In 1882 the railway was extended from Mordialloc to Frankston over the foredune along the former swamp area. At about that time James Crooke purchased 131 acres of land immediately east of the present Aspendale railway station. Crooke’s mare, Aspen, had won Flemington’s premier open handicap sprint, the Newmarket Handicap, in 1880 and 1881. He named his Aspendale racecourse and pleasure ground after the mare, and the first race meeting was held in 1891. A railway station opened next to the racecourse in time for the first meeting.

House building was slower coming than race crowds. A district school opened in 1913 and, although named Aspendale, it was at Edithvale which was 2 km from Aspendale station and nearly 4 km from Mordialloc Creek. ‘Aspendale North’ school opened in 1925, since renamed Aspendale (439 pupils, 2014). By then there was a varied shopping centre around Aspendale station, including grocers, butchers, a post office (1908), a timber and hardware merchant, confectioners, tea rooms and a motor garage. The 1921 Sands and McDougall directory also recorded Anglican, Methodist and Union churches and three estate agents, a sure sign of house building.

Many houses hugged the streets running off Point Nepean Road to the beach. On the other side of the road there were estates north and south of the racecourse. The racecourse, closed in 1931, and became a motor racing venue. Its space was reserved for postwar housing.

In 1928 a State high school (Mordialloc District) opened in Aspendale on a scrub-covered site next to Mordialloc Creek. Chelsea city, of which Aspendale was the northernmost suburb, had golf courses in Chelsea and Edithvale. Aspendale had the Australasian golf links next to the old racecourse, and in about 1950 the links became the home of the Rosedale Golf Club.
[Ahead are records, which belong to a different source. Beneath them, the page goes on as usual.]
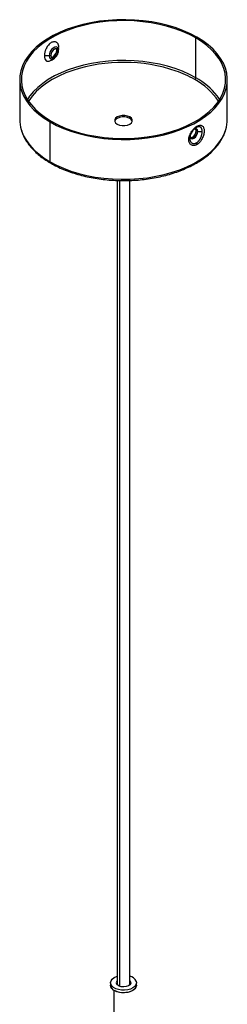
# Paper-space layout '_Isométrica' of a CAD drawing. Header units: millimetres. Extents: x -278 to 82, y -945 to 11.
# Tile 3 of 3: x -148 to -48, y -463 to 11. Entities that reach past the tile are written whole.
import ezdxf

# ---------------------------------------------------------------- set-up
doc = ezdxf.new("R2010")
doc.units = ezdxf.units.MM

psp = doc.layouts.new('_Isométrica')

# ---------------------------------------------------------------- linework, layer by layer
at = {"color": 7, "linetype": 'Continuous', "lineweight": 25}
for p, q in [((-63.16, -16.56), (-63.16, 2.63)), ((-130.02, -3.43), (-129.43, -3.77)), ((-129.2, -3.6), (-129.1, -2.43)), ((-133.73, -5.95), (-136.06, -6.02)), ((-132.37, -7.91), (-131.23, -7.12)), ((-147.95, -17.45), (-147.95, -36.64)), ((-47.95, -36.64), (-47.95, -17.45)), ((-133.31, -57.05), (-133.31, -37.86)), ((-94.95, -36.13), (-94.95, -35.48)), ((-62.36, -42.49), (-62.94, -42.16)), ((-62.18, -42.48), (-60.04, -42.42)), ((-65.92, -44.64), (-66.02, -45.87)), ((-100.95, -66.06), (-100.95, -453.71)), ((-94.95, -453.71), (-94.95, -66.08)), ((-104.2, -452.67), (-104.2, -453.89)), ((-104.07, -454.65), (-104.2, -453.89)), ((-104.07, -454.65), (-104.07, -453.42)), ((-94.95, -451.63), (-94.53, -452.25)), ((-91.7, -453.89), (-91.7, -452.67)), ((-102.37, -472.33), (-102.37, -456.44))]:
    psp.add_line(p, q, dxfattribs=at)
at = {"color": 8, "linetype": 'Continuous', "lineweight": 25}
for p, q in [((-62.84, -40.56), (-63.17, -40.78)), ((-65.95, -45.47), (-66.02, -45.87)), ((-99.94, -66.1), (-99.94, -454.33)), ((-94.53, -452.25), (-94.53, -453.09))]:
    psp.add_line(p, q, dxfattribs=at)
at = {"color": 7, "linetype": 'Continuous', "lineweight": 25, "flags": 128}
for points in [[(-62.6, 2.96), (-65.72, 4.62), (-69.08, 6.11), (-72.65, 7.44), (-76.4, 8.59), (-80.3, 9.55), (-84.33, 10.32), (-88.46, 10.89), (-92.66, 11.25), (-96.89, 11.41), (-101.14, 11.35), (-105.36, 11.09), (-109.52, 10.63), (-113.61, 9.96), (-117.58, 9.1), (-121.41, 8.04), (-125.07, 6.8), (-128.53, 5.39), (-131.78, 3.81), (-134.78, 2.07), (-137.51, 0.2), (-139.96, -1.8), (-142.11, -3.91), (-143.94, -6.12), (-145.44, -8.42), (-146.6, -10.77), (-147.4, -13.18), (-147.85, -15.61), (-147.94, -18.06), (-147.67, -20.51), (-147.04, -22.93), (-146.06, -25.32), (-144.73, -27.64), (-143.07, -29.9), (-141.08, -32.06), (-138.78, -34.12), (-136.18, -36.06), (-133.31, -37.86)], [(-63.16, 2.63), (-66.24, 4.26), (-69.54, 5.74), (-73.05, 7.04), (-76.74, 8.18), (-80.58, 9.12), (-84.55, 9.88), (-88.61, 10.43), (-92.74, 10.79), (-96.91, 10.94), (-101.09, 10.89), (-105.24, 10.64), (-109.34, 10.18), (-113.36, 9.52), (-117.26, 8.67), (-121.03, 7.63), (-124.63, 6.41), (-128.04, 5.02), (-131.24, 3.47), (-134.19, 1.76), (-136.88, -0.08), (-139.29, -2.05), (-141.41, -4.13), (-143.21, -6.3), (-144.68, -8.56), (-145.82, -10.88), (-146.61, -13.25), (-147.05, -15.64), (-147.14, -18.05), (-146.88, -20.46), (-146.26, -22.84), (-145.29, -25.19), (-143.99, -27.48), (-142.35, -29.7), (-140.39, -31.83), (-138.12, -33.85), (-135.57, -35.76), (-132.74, -37.54)], [(-133.31, -37.86), (-130.18, -39.52), (-126.83, -41.02), (-123.26, -42.35), (-119.51, -43.5), (-115.61, -44.46), (-111.58, -45.22), (-107.45, -45.79), (-103.25, -46.15), (-99.02, -46.31), (-94.77, -46.26), (-90.55, -46), (-86.39, -45.53), (-82.3, -44.87), (-78.33, -44), (-74.5, -42.94), (-70.84, -41.7), (-67.38, -40.29), (-64.13, -38.71), (-61.13, -36.98), (-58.39, -35.1), (-55.94, -33.1), (-53.8, -30.99), (-51.97, -28.78), (-50.47, -26.49), (-49.31, -24.13), (-48.51, -21.72), (-48.06, -19.29), (-47.97, -16.84), (-48.24, -14.39), (-48.86, -11.97), (-49.85, -9.59), (-51.17, -7.26), (-52.84, -5.01), (-54.83, -2.84), (-57.13, -0.78), (-59.73, 1.15), (-62.6, 2.96)], [(-132.74, -37.54), (-129.67, -39.17), (-126.36, -40.64), (-122.86, -41.95), (-119.17, -43.08), (-115.33, -44.03), (-111.36, -44.78), (-107.3, -45.34), (-103.17, -45.69), (-99, -45.85), (-94.82, -45.8), (-90.67, -45.54), (-86.57, -45.08), (-82.55, -44.43), (-78.65, -43.58), (-74.88, -42.54), (-71.28, -41.32), (-67.87, -39.92), (-64.67, -38.37), (-61.72, -36.66), (-59.03, -34.82), (-56.62, -32.85), (-54.5, -30.77), (-52.7, -28.6), (-51.23, -26.34), (-50.09, -24.02), (-49.3, -21.66), (-48.85, -19.26), (-48.77, -16.85), (-49.03, -14.44), (-49.65, -12.06), (-50.62, -9.71), (-51.92, -7.42), (-53.56, -5.21), (-55.52, -3.08), (-57.79, -1.05), (-60.34, 0.86), (-63.16, 2.63)], [(-129.19, -3.33), (-129.32, -2.51), (-129.72, -1.95), (-130.32, -1.71), (-131.06, -1.83), (-131.85, -2.29), (-132.59, -3.03), (-133.2, -3.96), (-133.59, -4.98), (-133.73, -5.95)], [(-129.43, -3.77), (-129.57, -3.07), (-129.95, -2.63), (-130.52, -2.52), (-131.2, -2.75), (-131.88, -3.3), (-132.45, -4.07), (-132.83, -4.95), (-132.97, -5.81)], [(-132.97, -5.81), (-132.83, -6.52), (-132.45, -6.96), (-131.88, -7.07), (-131.2, -6.83), (-130.52, -6.29), (-129.95, -5.51), (-129.57, -4.63), (-129.43, -3.77)], [(-132.71, -6.73), (-132.46, -6.73), (-131.79, -6.49), (-131.11, -5.95), (-130.54, -5.18), (-130.15, -4.29), (-130.02, -3.43)], [(-130.02, -3.43), (-130.15, -2.73), (-130.28, -2.52)], [(-133.73, -5.95), (-133.59, -6.77), (-133.2, -7.33), (-132.59, -7.57), (-131.85, -7.45), (-131.33, -7.19)], [(-142.92, -25.12), (-143.21, -25.49), (-144.26, -27.05)], [(-51.65, -27.05), (-51.92, -26.61), (-52.83, -25.32)], [(-94.95, -36.13), (-96.02, -35.68), (-97.29, -35.44), (-98.62, -35.44), (-99.88, -35.68), (-100.96, -36.13), (-101.74, -36.75), (-102.15, -37.48), (-102.17, -37.54)], [(-94.95, -35.48), (-96.02, -35.03), (-97.29, -34.79), (-98.62, -34.79), (-99.88, -35.03), (-100.96, -35.48), (-101.74, -36.1), (-102.15, -36.83), (-102.15, -37.6), (-101.74, -38.33), (-100.96, -38.95)], [(-100.96, -38.95), (-99.88, -39.4), (-98.62, -39.64), (-97.29, -39.64), (-96.02, -39.4), (-94.95, -38.95), (-94.17, -38.33), (-93.76, -37.6), (-93.76, -36.83), (-94.17, -36.1), (-94.95, -35.48)], [(-65.9, -44.95), (-65.78, -45.38), (-65.37, -45.85), (-64.77, -45.97), (-64.05, -45.72), (-63.33, -45.14), (-62.73, -44.32), (-62.32, -43.39), (-62.18, -42.48)], [(-65.87, -44.81), (-65.76, -45.24), (-65.37, -45.68), (-64.8, -45.79), (-64.12, -45.56), (-63.45, -45.01), (-62.87, -44.24), (-62.49, -43.35), (-62.36, -42.49)], [(-65.63, -45.45), (-65.39, -45.45), (-64.71, -45.22), (-64.03, -44.67), (-63.46, -43.9), (-63.08, -43.01), (-62.94, -42.16)], [(-62.36, -42.49), (-62.49, -41.79), (-62.87, -41.35), (-63.45, -41.24), (-63.91, -41.37)], [(-62.18, -42.48), (-62.32, -41.73), (-62.73, -41.26), (-63.33, -41.15), (-63.82, -41.28)], [(-62.94, -42.16), (-63.08, -41.45), (-63.2, -41.24)], [(-104.07, -453.42), (-104.2, -452.56), (-103.97, -451.7), (-103.4, -450.89), (-102.5, -450.19), (-101.34, -449.64), (-100.95, -449.5)], [(-91.84, -451.91), (-91.71, -452.78), (-91.94, -453.64), (-92.51, -454.44), (-93.41, -455.14), (-94.57, -455.7), (-95.92, -456.08), (-97.4, -456.26), (-98.9, -456.23), (-100.35, -456), (-101.66, -455.57), (-102.76, -454.97), (-103.58, -454.24), (-104.07, -453.42)], [(-91.7, -453.89), (-91.71, -454.01), (-91.94, -454.87), (-92.51, -455.67), (-93.41, -456.37), (-94.57, -456.92), (-95.92, -457.3), (-97.4, -457.49), (-98.9, -457.46), (-100.35, -457.22), (-101.66, -456.8), (-102.76, -456.2), (-103.58, -455.47), (-104.07, -454.65)], [(-91.7, -453.89), (-91.81, -454.54), (-92.26, -455.37), (-93.03, -456.12), (-94.1, -456.73), (-95.39, -457.18), (-96.83, -457.44), (-98.33, -457.49), (-99.81, -457.34), (-101.19, -456.98), (-102.37, -456.44)], [(-94.53, -452.25), (-94.49, -452.95), (-94.86, -453.61), (-95.61, -454.17), (-96.64, -454.54), (-97.83, -454.69), (-99.03, -454.59), (-100.11, -454.26), (-100.92, -453.74), (-101.38, -453.09)]]:
    psp.add_lwpolyline(points, dxfattribs=at)
at = {"color": 8, "linetype": 'Continuous', "lineweight": 25, "flags": 128}
for points in [[(-63.16, -16.56), (-66.24, -14.93), (-69.54, -13.45), (-73.05, -12.14), (-76.74, -11.01), (-80.58, -10.07), (-84.55, -9.31), (-88.61, -8.75), (-92.74, -8.4), (-96.91, -8.24), (-101.09, -8.3), (-105.24, -8.55), (-109.34, -9.01), (-113.36, -9.67), (-117.26, -10.52), (-121.03, -11.56), (-124.63, -12.78), (-128.04, -14.17), (-131.24, -15.72), (-134.19, -17.43), (-136.88, -19.27), (-139.29, -21.24), (-141.41, -23.32), (-142.92, -25.12)], [(-122.36, -13.02), (-125.77, -14.28), (-129.13, -15.76), (-132.25, -17.41), (-135.11, -19.21), (-137.68, -21.15), (-139.96, -23.21), (-141.91, -25.38), (-143.53, -27.64), (-143.7, -27.91)], [(-147.23, -41.55), (-147.04, -42.12), (-146.06, -44.5), (-144.73, -46.83), (-143.07, -49.09), (-141.08, -51.25), (-138.78, -53.31), (-136.18, -55.25), (-133.31, -57.05)], [(-133.31, -57.05), (-130.18, -58.71), (-126.83, -60.21), (-123.26, -61.54), (-119.51, -62.68), (-115.61, -63.65), (-111.58, -64.41), (-107.45, -64.98), (-103.25, -65.34), (-99.02, -65.5), (-94.77, -65.45), (-90.55, -65.19), (-86.39, -64.72), (-82.3, -64.05), (-78.33, -63.19), (-74.5, -62.13), (-70.84, -60.89), (-67.38, -59.48), (-64.13, -57.9), (-61.13, -56.17), (-58.39, -54.29), (-55.94, -52.29), (-53.8, -50.18), (-51.97, -47.97), (-50.47, -45.68), (-49.31, -43.32), (-48.68, -41.53)]]:
    psp.add_lwpolyline(points, dxfattribs=at)
at = {"color": 7, "linetype": 'Continuous', "lineweight": 25}
for centre, radius, start, end in [((-129.76, -3.3), 0.576, 304.8877, 356.7703), ((-133.71, -3.95), 2.01, 269.3873, 291.6895), ((-97.97, -88.14), 78.98, 71.3035, 107.9873), ((-64.24, -16.51), 1.08, 302.6055, 357.3945), ((-130.91, -36.62), 17.04, 180.069, 196.7987), ((-95.85, -38.13), 2.19, 15.5754, 65.6224), ((-65.12, -36.6), 17.16, 343.319, 359.8731), ((-63.27, -40.04), 0.675, 309.815, 4.9725), ((-62.18, -43.31), 0.834, 89.847, 102.0033), ((-64.45, -48.86), 1.85, 1.8137, 29.5983), ((-96.05, -454.13), 4.76, 27.7816, 76.6716), ((-101.18, -453.66), 3.03, 184.458, 246.861), ((-100.03, -452.69), 1.41, 131.0755, 196.6772)]:
    psp.add_arc(centre, radius, start, end, dxfattribs=at)
at = {"color": 8, "linetype": 'Continuous', "lineweight": 25}
for centre, radius, start, end in [((-90.49, -64.48), 54.18, 60.32, 70.7834), ((-78.3, -44.88), 31.12, 33.0422, 61.942), ((-79.56, -46.37), 34.02, 38.2164, 61.1868), ((-132.56, -57.12), 0.755, 174.3804, 234.2929)]:
    psp.add_arc(centre, radius, start, end, dxfattribs=at)
at = {"color": 7, "linetype": 'Continuous', "lineweight": 25}
for points, knots in [([(-129.08, -1.99), (-129.08, -1.92), (-129.08, -1.79), (-129.1, -1.6), (-129.12, -1.41), (-129.15, -1.23), (-129.18, -1.05), (-129.23, -0.87), (-129.29, -0.7), (-129.38, -0.48), (-129.5, -0.23), (-129.68, 0.02), (-129.9, 0.26), (-130.22, 0.52), (-130.7, 0.74), (-131.35, 0.82), (-132.04, 0.69), (-132.74, 0.38), (-133.43, -0.11), (-134.09, -0.76), (-134.68, -1.55), (-135.1, -2.29), (-135.37, -2.9), (-135.56, -3.36), (-135.71, -3.81), (-135.83, -4.25), (-135.92, -4.64), (-135.98, -5.01), (-136.03, -5.36), (-136.05, -5.7), (-136.06, -5.91), (-136.06, -6.02)], [0, 0, 0, 0, 0.015004, 0.030176, 0.045522, 0.061045, 0.07675, 0.092642, 0.108726, 0.125007, 0.154966, 0.18747, 0.215102, 0.24993, 0.31245, 0.374696, 0.43919, 0.499587, 0.560139, 0.624763, 0.687147, 0.749816, 0.784716, 0.812364, 0.84492, 0.874925, 0.900893, 0.926366, 0.951362, 0.9759, 1, 1, 1, 1]), ([(-130.07, -3.19), (-130.08, -3.32), (-130.17, -3.94), (-130.61, -4.78), (-131.23, -5.72), (-131.63, -6.24), (-131.95, -6.52), (-131.99, -6.56)], [0, 0, 0, 0, 0.112216, 0.532144, 0.666131, 0.95391, 1, 1, 1, 1]), ([(-131.32, -7.16), (-131.28, -7.14), (-130.96, -6.98), (-130.45, -6.46), (-129.81, -5.62), (-129.37, -4.63), (-129.2, -3.85), (-129.19, -3.42), (-129.19, -3.33)], [0, 0, 0, 0, 0.031089, 0.249182, 0.474736, 0.702427, 0.936458, 1, 1, 1, 1]), ([(-136.06, -6.02), (-136.01, -6.53), (-135.93, -7.55), (-135.37, -8.26), (-134.75, -8.59), (-134.17, -8.67), (-133.44, -8.5), (-132.85, -8.24), (-132.5, -7.99), (-132.37, -7.89)], [0, 0, 0, 0, 0.23371, 0.467323, 0.542431, 0.70195, 0.823288, 0.936916, 1, 1, 1, 1]), ([(-147.17, -41.82), (-146.94, -42.53), (-146.46, -44), (-145.35, -46.19), (-143.93, -48.39), (-142.2, -50.51), (-140.2, -52.55), (-137.92, -54.48), (-135.52, -56.22), (-133.8, -57.26), (-133, -57.74)], [0, 0, 0, 0, 0.11519, 0.242423, 0.370414, 0.499148, 0.628502, 0.758306, 0.888391, 1, 1, 1, 1]), ([(-133, -57.74), (-132.49, -58.02), (-131.02, -58.85), (-128.43, -60.11), (-125.18, -61.46), (-121.75, -62.65), (-118.17, -63.68), (-114.47, -64.53), (-110.66, -65.21), (-106.78, -65.71), (-102.84, -66.03), (-98.87, -66.16), (-94.89, -66.11), (-90.93, -65.88), (-87.02, -65.46), (-83.18, -64.86), (-79.42, -64.09), (-75.79, -63.14), (-72.29, -62.03), (-68.95, -60.75), (-65.79, -59.32), (-62.83, -57.74), (-60.09, -56.02), (-57.59, -54.17), (-55.35, -52.21), (-53.38, -50.14), (-51.69, -47.98), (-50.31, -45.74), (-49.31, -43.68), (-48.91, -42.35), (-48.75, -41.81)], [0, 0, 0, 0, 0.019428, 0.05624, 0.093041, 0.129824, 0.166587, 0.203331, 0.240059, 0.276774, 0.313479, 0.350179, 0.386877, 0.423577, 0.460283, 0.496998, 0.533727, 0.570474, 0.607242, 0.644036, 0.680856, 0.717703, 0.754574, 0.791459, 0.828337, 0.865176, 0.901931, 0.938551, 0.974981, 1, 1, 1, 1]), ([(-62.6, -48.8), (-62.65, -48.83), (-62.75, -48.89), (-62.9, -48.96), (-63.05, -49.03), (-63.2, -49.09), (-63.42, -49.16), (-63.71, -49.24), (-64.07, -49.28), (-64.42, -49.27), (-64.86, -49.2), (-65.36, -48.98), (-65.85, -48.55), (-66.22, -47.97), (-66.45, -47.26), (-66.53, -46.44), (-66.45, -45.55), (-66.22, -44.62), (-65.85, -43.68), (-65.36, -42.76), (-64.86, -42.04), (-64.42, -41.51), (-64.07, -41.14), (-63.71, -40.8), (-63.38, -40.52), (-63.1, -40.3), (-62.85, -40.13), (-62.68, -40.03), (-62.6, -39.98)], [0, 0, 0, 0, 0.012609, 0.02519, 0.037765, 0.050355, 0.062982, 0.09409, 0.125273, 0.156547, 0.187919, 0.250049, 0.312588, 0.374779, 0.437255, 0.499589, 0.562314, 0.624815, 0.687295, 0.749639, 0.812251, 0.843516, 0.874689, 0.906009, 0.937259, 0.958201, 0.979081, 1, 1, 1, 1]), ([(-63.17, -40.78), (-63.25, -40.84), (-63.55, -41.04), (-64.05, -41.51), (-64.49, -42.02), (-64.83, -42.48), (-65.3, -43.19), (-65.83, -44.27), (-65.92, -45.11), (-65.95, -45.47)], [0, 0, 0, 0, 0.062884, 0.212414, 0.356775, 0.410084, 0.501944, 0.789834, 1, 1, 1, 1]), ([(-60.04, -42.42), (-60.04, -42.36), (-60.04, -42.25), (-60.05, -42.09), (-60.06, -41.93), (-60.08, -41.77), (-60.11, -41.62), (-60.14, -41.47), (-60.18, -41.32), (-60.24, -41.14), (-60.33, -40.94), (-60.45, -40.73), (-60.6, -40.54), (-60.79, -40.38), (-61, -40.26), (-61.22, -40.19), (-61.43, -40.16), (-61.68, -40.16), (-61.91, -40.19), (-62.14, -40.25), (-62.37, -40.33), (-62.61, -40.43), (-62.76, -40.52), (-62.84, -40.56)], [0, 0, 0, 0, 0.029981, 0.060302, 0.090976, 0.122013, 0.153427, 0.185229, 0.217432, 0.25005, 0.309757, 0.374633, 0.429891, 0.499855, 0.578695, 0.624238, 0.690603, 0.749515, 0.802177, 0.853595, 0.903729, 0.952542, 1, 1, 1, 1]), ([(-62.84, -47.95), (-62.79, -47.92), (-62.7, -47.86), (-62.55, -47.77), (-62.41, -47.66), (-62.26, -47.54), (-62.12, -47.41), (-61.97, -47.27), (-61.83, -47.11), (-61.65, -46.91), (-61.44, -46.64), (-61.22, -46.32), (-61, -45.95), (-60.79, -45.55), (-60.6, -45.12), (-60.45, -44.72), (-60.33, -44.33), (-60.22, -43.92), (-60.14, -43.53), (-60.08, -43.14), (-60.04, -42.77), (-60.04, -42.53), (-60.04, -42.42)], [0, 0, 0, 0, 0.0294741, 0.0594802, 0.0900108, 0.121058, 0.1526131, 0.1846669, 0.2172097, 0.250231, 0.3088697, 0.3748651, 0.4208281, 0.500031, 0.5696835, 0.6246915, 0.6897585, 0.7496225, 0.8145324, 0.8778321, 0.9396223, 1, 1, 1, 1]), ([(-62.6, -39.98), (-62.55, -39.96), (-62.45, -39.9), (-62.3, -39.83), (-62.16, -39.76), (-62.01, -39.7), (-61.8, -39.61), (-61.52, -39.53), (-61.19, -39.48), (-60.87, -39.47), (-60.48, -39.51), (-60.04, -39.69), (-59.62, -40.08), (-59.32, -40.62), (-59.13, -41.31), (-59.07, -42.12), (-59.13, -43.02), (-59.31, -43.98), (-59.62, -44.95), (-60.04, -45.91), (-60.48, -46.67), (-60.87, -47.23), (-61.19, -47.62), (-61.52, -47.97), (-61.83, -48.26), (-62.11, -48.48), (-62.35, -48.66), (-62.52, -48.75), (-62.6, -48.8)], [0, 0, 0, 0, 0.012609, 0.02519, 0.037765, 0.050355, 0.062982, 0.09409, 0.125273, 0.156547, 0.187919, 0.250049, 0.312588, 0.374779, 0.437255, 0.499589, 0.562314, 0.624815, 0.687295, 0.749639, 0.812251, 0.843516, 0.874689, 0.906009, 0.937259, 0.958201, 0.979081, 1, 1, 1, 1]), ([(-66.02, -45.87), (-66.02, -45.93), (-66.02, -46.04), (-66.01, -46.21), (-65.99, -46.37), (-65.96, -46.53), (-65.93, -46.69), (-65.89, -46.84), (-65.84, -46.99), (-65.76, -47.18), (-65.65, -47.4), (-65.5, -47.63), (-65.31, -47.84), (-65.08, -48.02), (-64.84, -48.16), (-64.58, -48.25), (-64.33, -48.31), (-64.06, -48.32), (-63.8, -48.3), (-63.56, -48.25), (-63.31, -48.18), (-63.07, -48.08), (-62.92, -47.99), (-62.84, -47.95)], [0, 0, 0, 0, 0.029981, 0.060302, 0.090976, 0.122013, 0.153427, 0.185229, 0.217432, 0.25005, 0.309757, 0.374633, 0.429891, 0.499855, 0.578695, 0.624238, 0.690603, 0.749515, 0.802177, 0.853595, 0.903729, 0.952542, 1, 1, 1, 1])]:
    psp.add_open_spline(points, degree=3, knots=knots, dxfattribs=at)

doc.saveas('drawing.dxf')

All of Chelsea city was unsewered until 1965. Postwar housing slowly took up former farms and market gardens. Aspendale school opened in 1959, next to the primary school. A short way south CSIRO opened an atmospheric physics laboratory.

The Catholic Church was represented in Chelsea and Carrum, and it opened a church (1961) and a primary school (1965) in Aspendale.

New housing reached the suburb’s eastern boundary, Secondary Drain, by the early 1980s. In coming decades housing would go across Secondary Drain into a new suburb, Aspendale Gardens (see separate entry).

The Aspendale technical school was damaged by fire in 1971 completely destroying the science and arts wing and damaging adjoining classrooms. Despite community protest, the technical school was closed in 1992 as part of the Kennett government's state-wide closure of 50 schools, and its site was taken by a sports oval, a community hall and housing.

Aspendale’s beach reputation is evident from the many houses in the short streets running off Point Nepean Road. The surf life saving club dates from 1926.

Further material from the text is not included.